A l’image de l’homme
Editions Caractères 1975-1976
Des choix judicieux et éclairants …
Les anthologies de poésie font actuellement légion, mais admettons-le toutes n’ont pas le même attrait et la même vocation. Souvent thématiques et répondant le plus souvent à une ligne éditoriale bien définie, permettant de mettre en valeur des auteurs de tout bord, et c’est tant mieux, elles n’en demeurent pas moins éphémères, voire vite oubliées, maladroitement rangées dans les rayons des rares librairies qui les accueillent. De même que le choix des auteurs proposés s’avère souvent aléatoire et très ciblé, chaque éditeur ayant ses petites préférences littéraires, ce qui somme toute semble assez logique. Certes l’on retrouve certains d’entre eux dans de nombreuses publications avec une belle visibilité à force de patience et de temps. Mais leur nombre demeure fort limité, sorte de loterie implacable propre à générer des frustrations et des rancœurs chez » les oubliés de l’histoire littéraire », mais il est assez rare qu’une grande œuvre passe inaperçue.
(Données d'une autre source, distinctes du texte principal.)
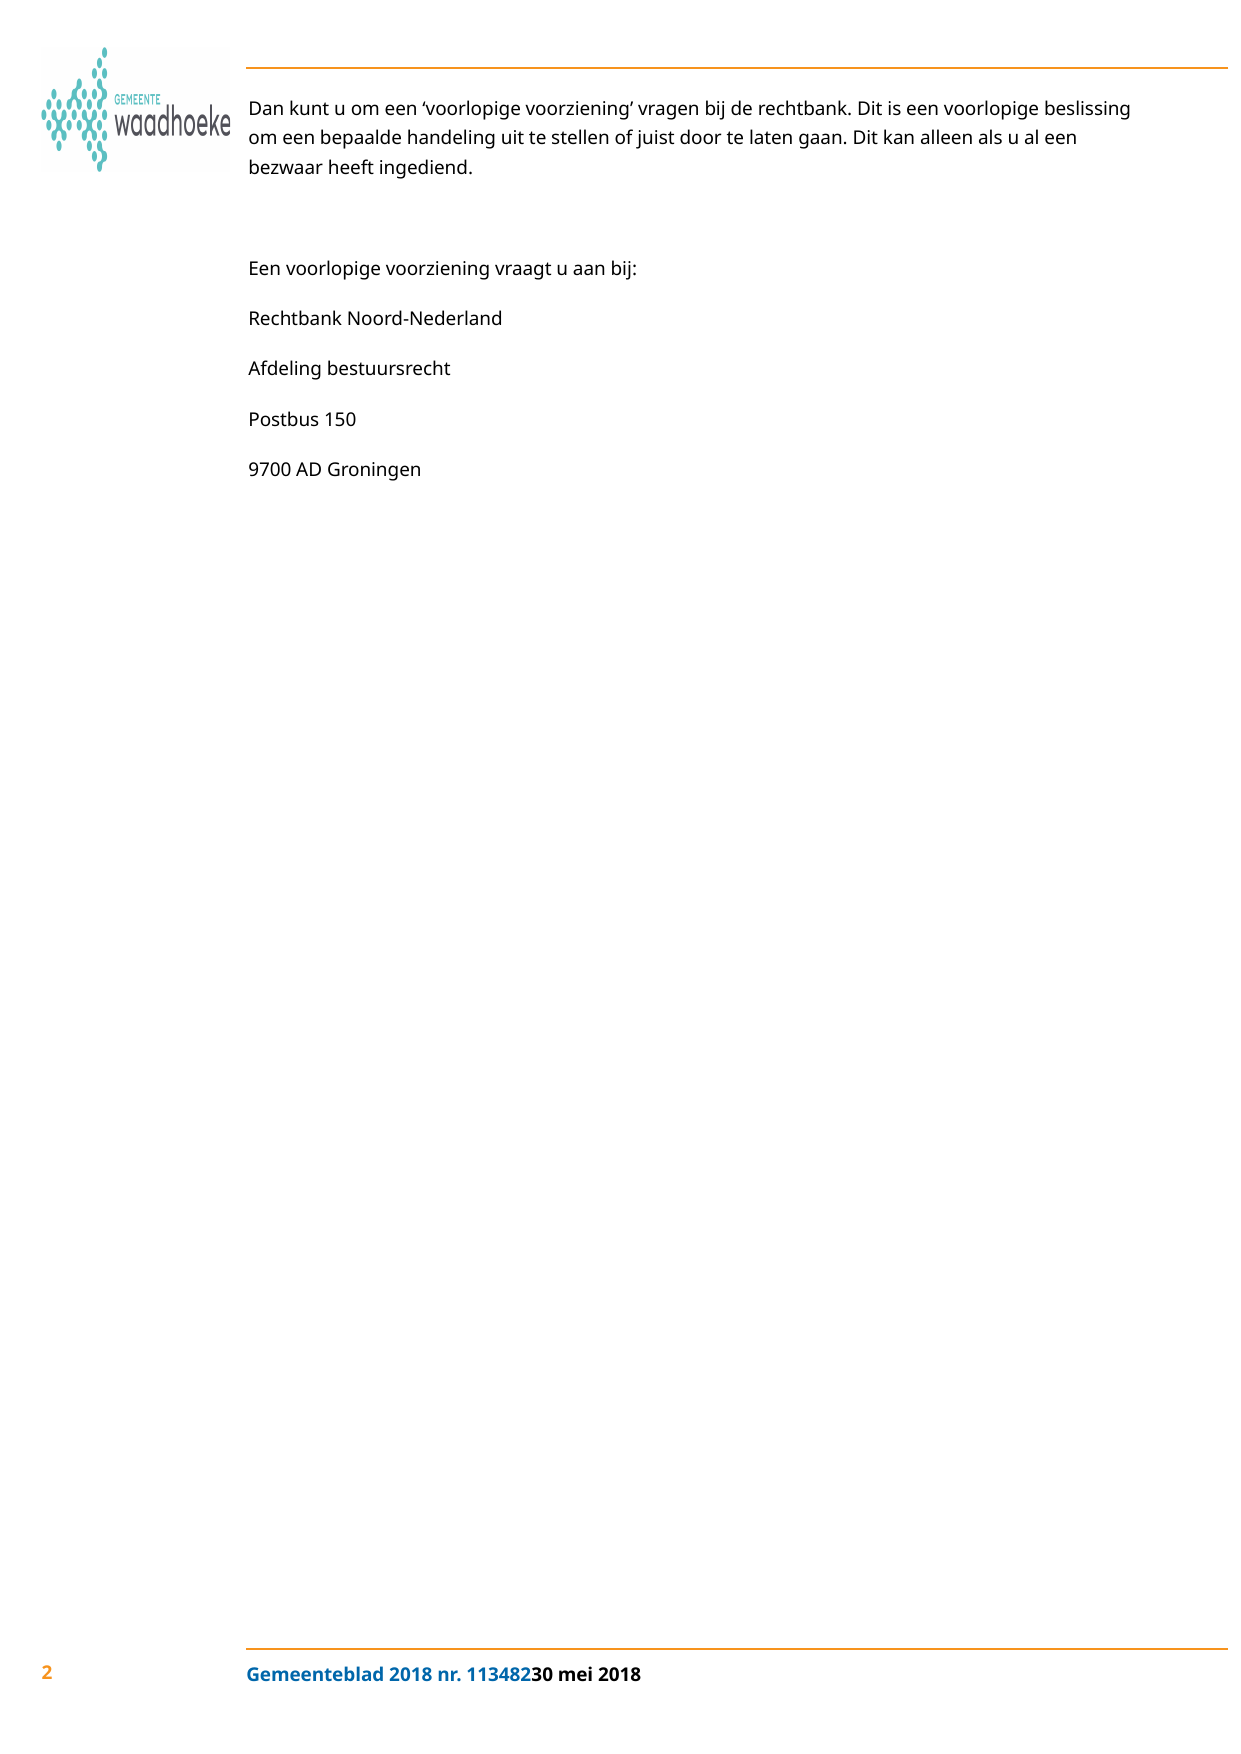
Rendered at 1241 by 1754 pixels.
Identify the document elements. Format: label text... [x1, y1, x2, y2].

Une poésie qui se veut bien vivante et au-delà des frontières !
Qui permet au lecteur de se faire une idée assez précise de la production poétique et littéraire d’une période donnée. Et c’est tout le mérite de cette anthologie où l’on côtoie inlassablement des poètes disparus, mais qui ont marqué leur temps, Antonin Artaud, Claude Aveline, jacques Bens, Luc Bérimont, Michel Butor, Jean Cassou, Georges Emmanuel Clancier, Juliette Darle, Pierre Emmanuel, Isidore Isou, Pierre-Jean Jouve, Jean Laugier, Joyce Mansour, Bernard Noel, Jean Rousselot, Raymond Queneau, et tant d’autres encore que nous ne nous lassons pas de lire ou relire ; et les vivants , Jacques Alyn, Jacques Ancet, Ben Vautier, Sylvestre, Clancier, Michel Deguy, , Jacques Jouet, Nelly Kaplan, Nohad Salameh,, Vénus Khoury- Ghata etc… Et puis bien sûr des poètes de tous les continents pour n’en citer que quelques-uns. Frederico Garcia Lorca, (Espagne), Edouard Glissant (Martinique), Vahé Godel, (Suisse), Ossip Mandelstam, (Russie), Edouard Maunick (Île Maurice), Paula Meehan, (Irlande), Czeslaw Milosz (Pologne), Géo Norge (Belgique), Erza Pound (Etats-Unis) Bejan Ratour (Turquie), Yannis Ritsos (Grèce) etc…
En clair une publication rare qui tombe à pic, dans une période désabusée, où chacun se regarde en chien de faïence, sans trop savoir quelle direction prendre faute de marqueurs probants - où les rapports humains apparaissent parfois disloqués, voire mortifères, où la parole et les mots ne semblent plus avoir de réelle importance -où l’on confond la fragilité du sable et du vent, avec la force du granit et du fer, multipliant les confusions du genre humain. La poésie s’affirme alors, comme le meilleur rempart de notre liberté. Merci à toi Nicole, et nous n’en attendions pas moins de toi, pour ce rappel pour le moins salutaire…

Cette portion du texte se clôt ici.